ABCNews.com waited until Nov. 28 to do an original report on the leaked e-mails on its Web site.
Scientists implicated…
The e-mails (which can be viewed and searched online) appear to show unethical and potentially illegal behavior on the part of prominent scientists (many of whom are involved in the UN IPCC process).
Here are just a couple of the most embarrassing e-mails that can speak for themselves:
From Kevin Trenberth to Michael Mann and others including James Hansen and Michael Oppenheimer in Oct. 2009:
“The fact is that we can't account for the lack of warming at the moment and it is a travesty that we can't. The CERES data published in the August BAMS 09 supplement on 2008 shows there should be even more warming: but the data are surely wrong. Our observing system is inadequate.”
From Jones to Raymond Bradley, Malcolm Hughes and Michael Mann on Feb. 21, 2005:
“PS: I’m getting hassled by a couple of people to release the CRU station temperature data. Don’t any of you three tell anybody that the UK has a Freedom of Information Act!”
A May 2009 e-mail from Jones allegedly told Mann to delete e-mails regarding the Fourth IPCC draft and said Keith and Caspar would also delete the correspondence.
One scientist featured prominently in many of the CRU e-mails was Mann, whose research has long been scrutinized by other scientists. He introduced his hockey stick chart in the 1990s, but it was questioned in 1998 by Willie Soon and Sallie Baliunas of Harvard, according to a February 2005 Wall Street Journal article. In 2003 others, including mathematician Stephen McIntyre and economist Ross McKitrick, also criticized Mann’s hockey stick.

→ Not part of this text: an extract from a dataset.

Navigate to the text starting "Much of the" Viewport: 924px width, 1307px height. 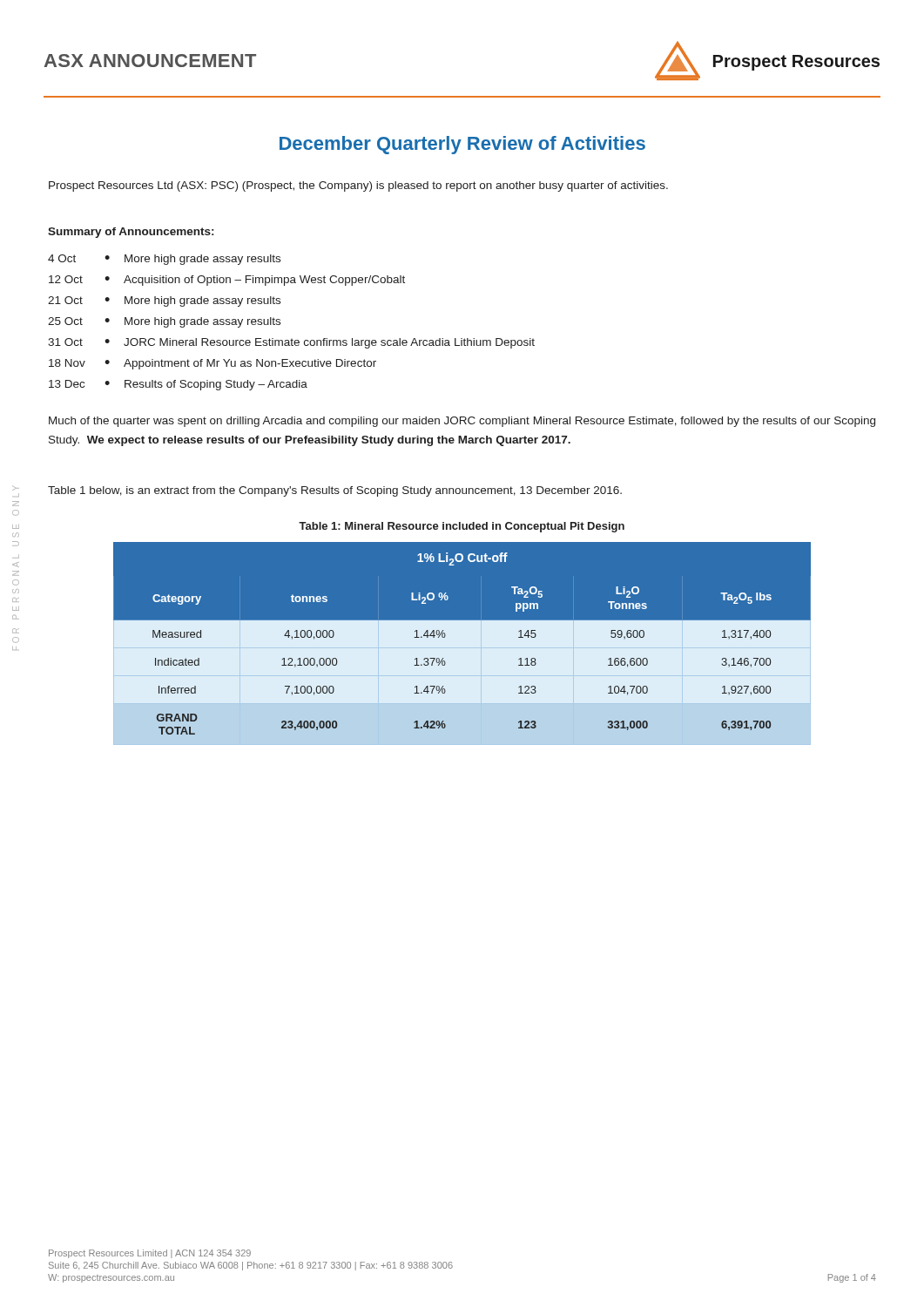point(462,430)

The Journal reported at that time that Mann “tried to shut down debate by refusing to disclose the mathematical algorithm by which he arrived at his conclusions.”

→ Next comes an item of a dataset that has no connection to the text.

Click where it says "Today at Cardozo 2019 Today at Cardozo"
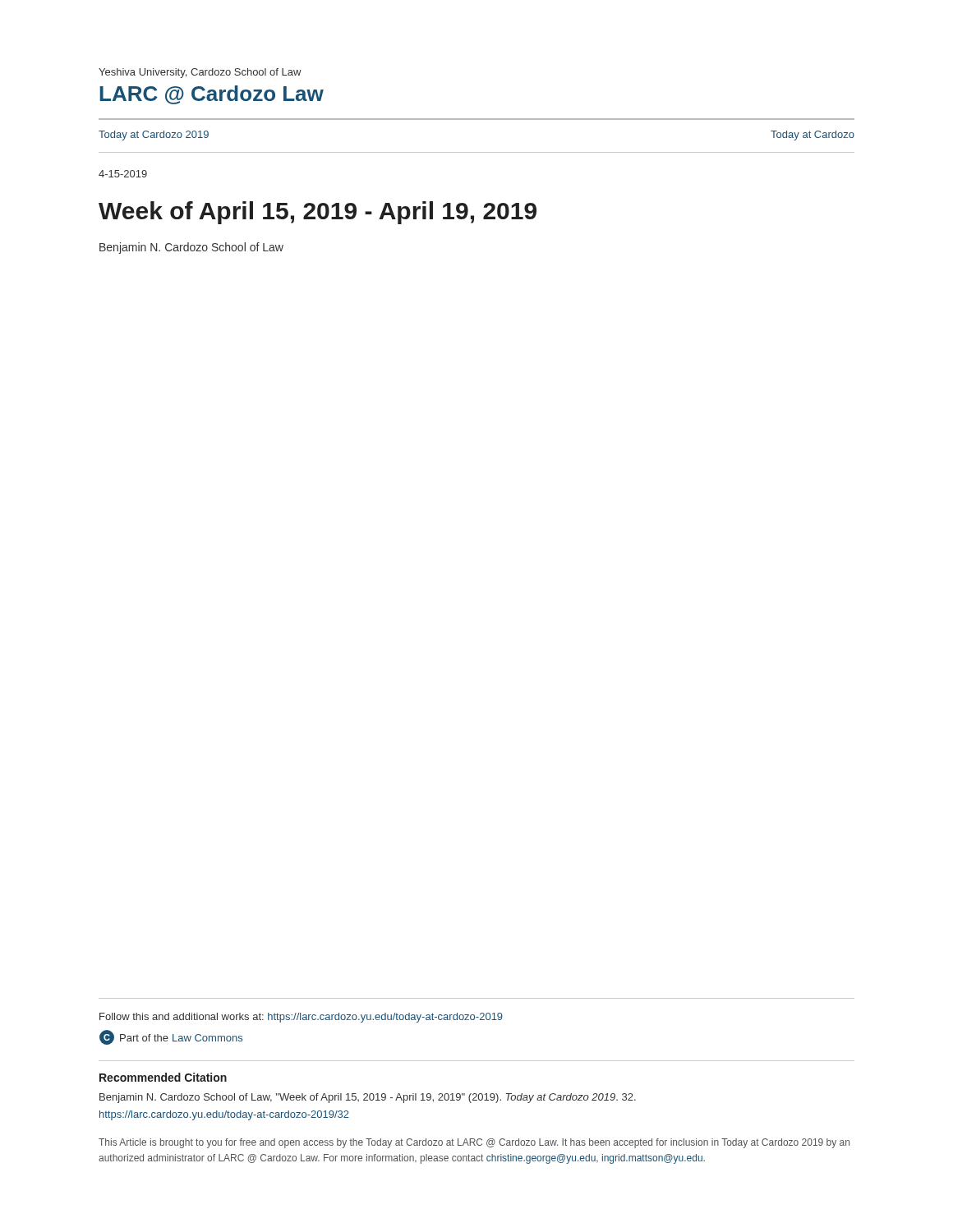pyautogui.click(x=157, y=135)
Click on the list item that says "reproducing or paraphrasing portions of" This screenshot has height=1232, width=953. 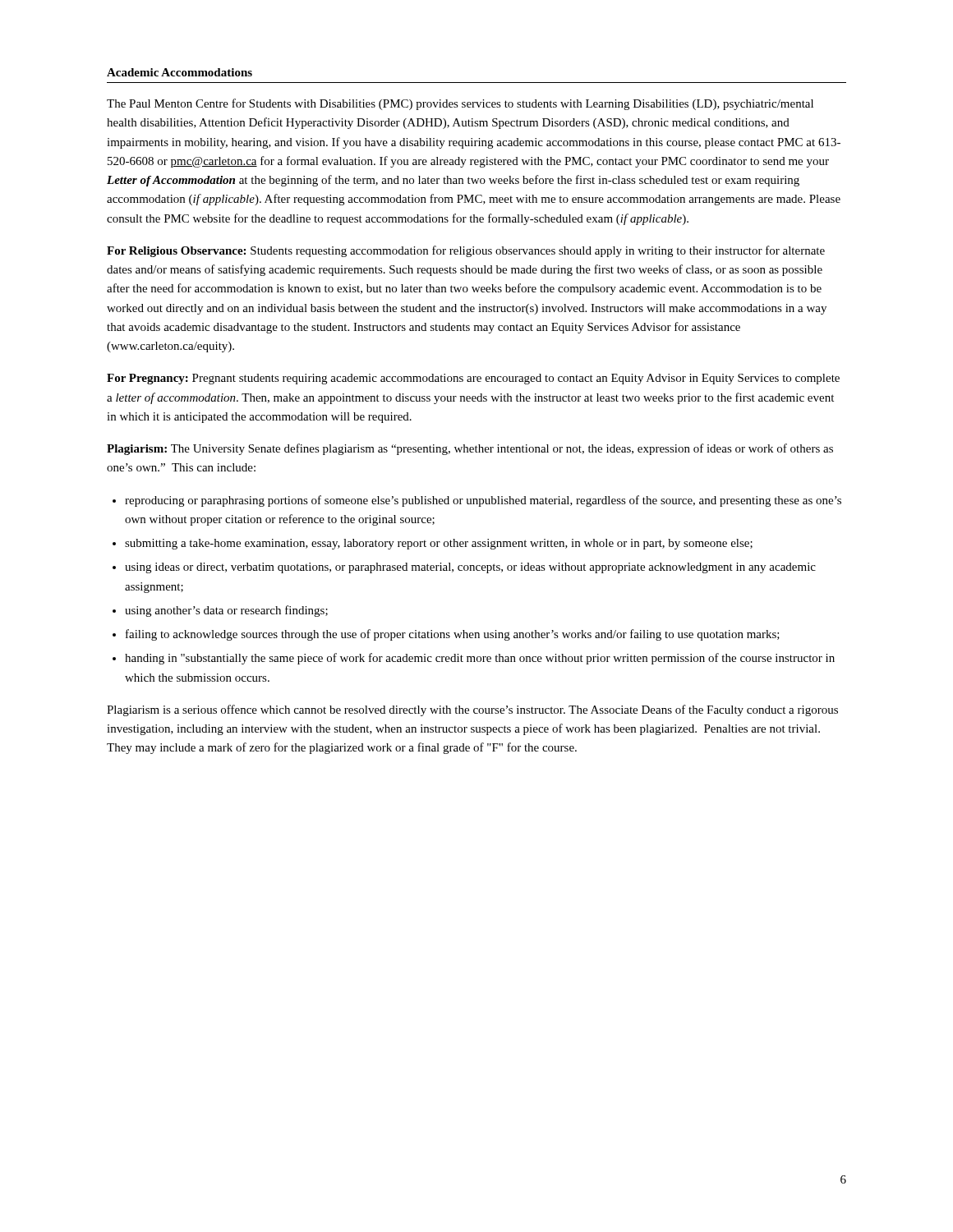coord(483,509)

Mann defended himself in a letter to the Washington Post on Dec. 1, 2009 saying “some have engaged in a smear campaign.” “They have stolen thousands of scientists’ personal e-mails, including some of mine, and have mined the e-mails for words or phrases whose meaning can easily be distorted,” Mann continued.
Iain Murray, a senior fellow at CEI, explained why the e-mails were so important and the three things everyone should know about ClimateGate.
“This may seem obscure, but the science involved is being used to justify the diversion of literally trillions of dollars of the world’s wealth in order to reduce greenhouse gas emissions by phasing out fossil fuels. The CRU is the Pentagon of global warming science, and these documents are its Pentagon Papers,” Murray wrote.
Murray said the three vital things the documents indicated were that “the scientists discuss manipulating data to get their preferred results,” talked about “subverting the scientific peer review process” to prevent skeptics from being published, and worked to prevent disclosure of the information.
But the leaked e-mails were only the tip of the iceberg. According to The London Times online, scientists at the University of East Anglia “admitted throwing away much of the raw temperature data on which their predictions of global warming are based.”
That article described CRU as “the world’s leading centre for reconstructing past climate and temperatures,” and quoted Roger Pielke, an environmental studies professor from Colorado University.
“The CRU is basically saying, ‘Trust us.’ So much for settling questions and resolving debates with science,” Pielke said.